How to Pasteurize Milk

Apr
22

Start with a cow.

Tie her up, tie her down, tie her sideways. (Shades of Clover.) Okay, a cow is not quite as much trouble to milk as a goat, but cows are quite strong. Get ‘er milked and take your booty home. I have a post specifically about handling milk here: Handling Milk. I’ll brush by some of that information here, but read that post for more details. I’ve had a number of questions about pasteurizing milk, so this post is going to focus on that process.

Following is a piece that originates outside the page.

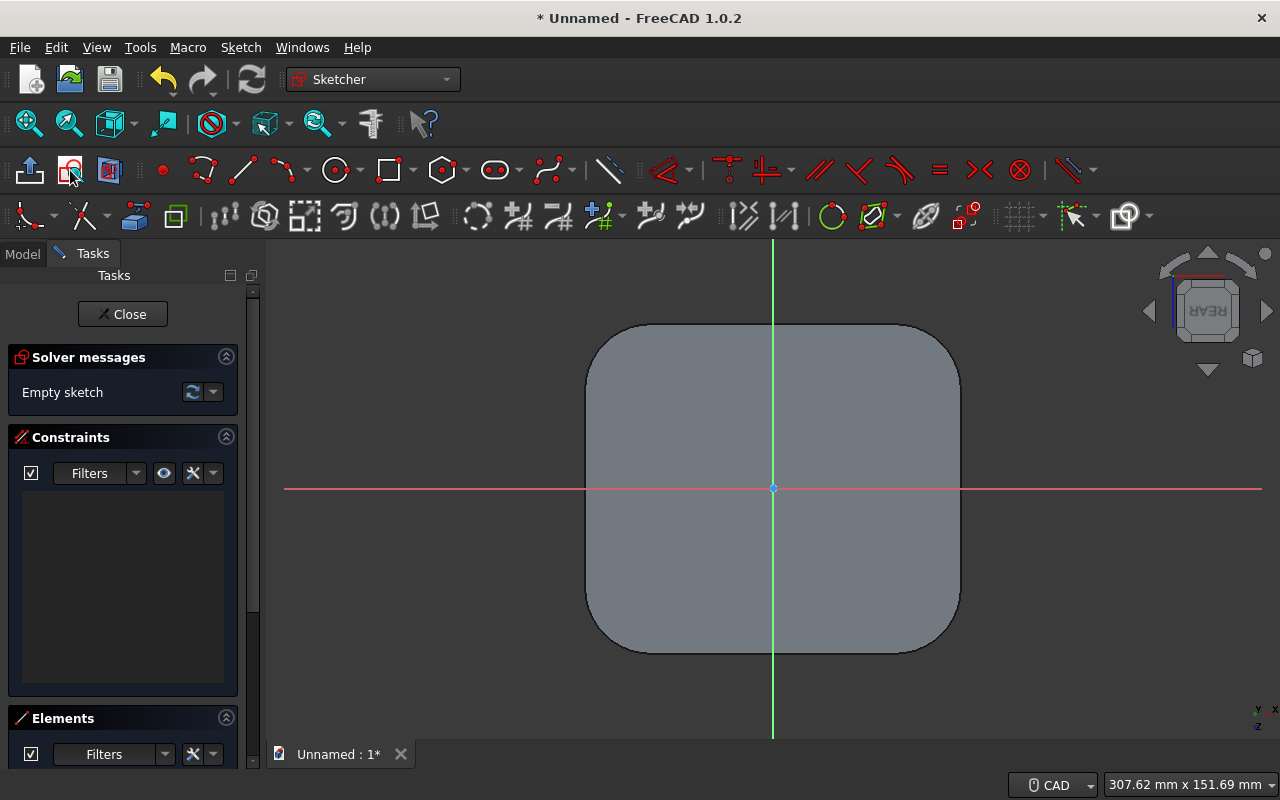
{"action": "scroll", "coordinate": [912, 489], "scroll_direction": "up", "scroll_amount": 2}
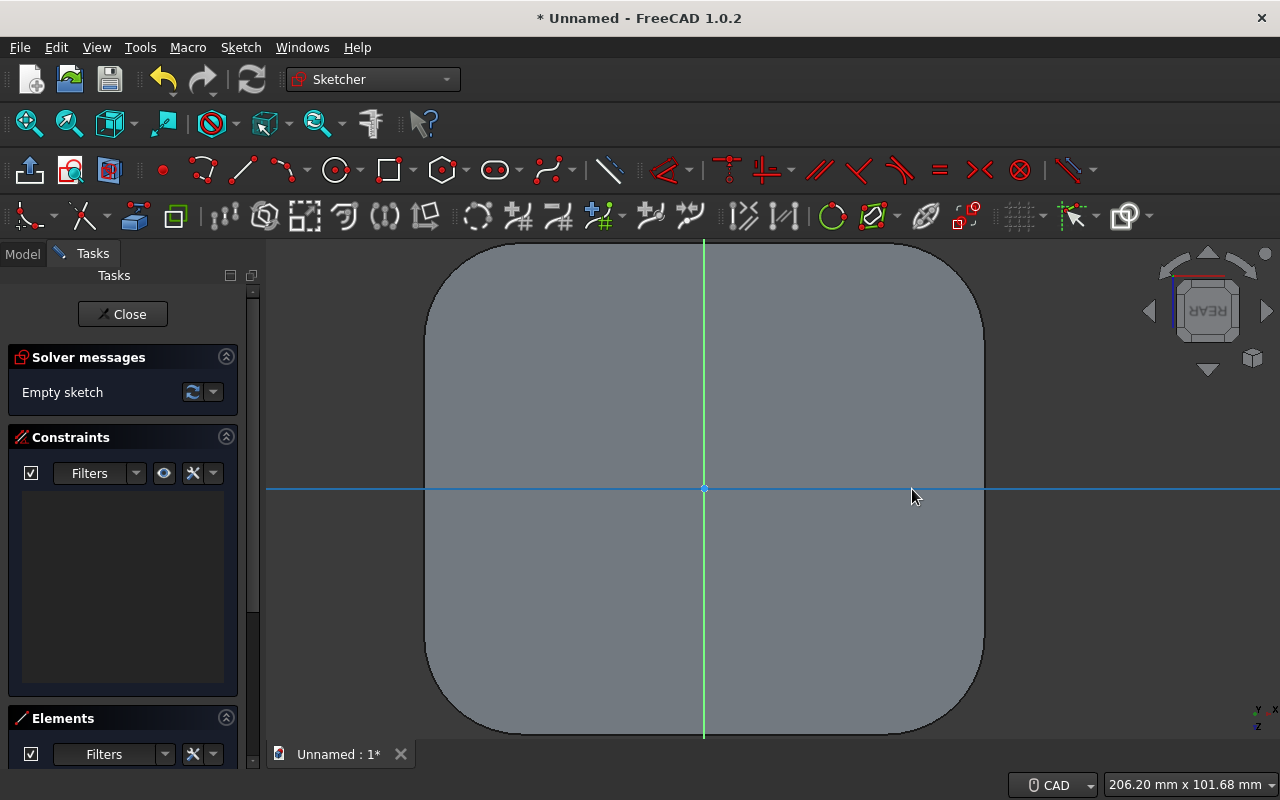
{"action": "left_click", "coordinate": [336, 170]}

I bring my milk home in quart jars transferred from my milking bucket after I finish milking Beulah Petunia down in the meadow bottom. (We’re hoping to have her moved closer to the house soon.)

I open all the jars and get ready to filter and measure the milk.

You can buy milk filters made specifically for this purpose at feed or farm supply stores. No doubt back in the day, they used a couple layers of cheesecloth. Or an old shirt. (I’M JUST KIDDING. Maybe.)

This is what the filters look like.

I use a strainer and a two-quart bowl so I’m measuring as I’m filtering. (You don’t have to measure, of course. I just like to keep track.)

Place a filter in the strainer.

Pour the milk through the filtered strainer into the bowl.

Pour the fresh, clean milk into a big pot.

Stick a thermometer in there.

Put the lid on, as you can around the thermometer.

Turn the heat on medium to medium-low. You can pasteurize by different temperatures. You can pasteurize at 145-degrees and hold the milk at that temperature for 30 minutes. Or you can pasteurize at 165-degrees and hold the milk at that temperature for just 15 seconds.

Pasteurization itself is a hot topic. For many people, there is no milk like raw milk. It can be anything from a taste and nutritional decision to a philosophical and nigh on political position. For others, safety is a weighty concern.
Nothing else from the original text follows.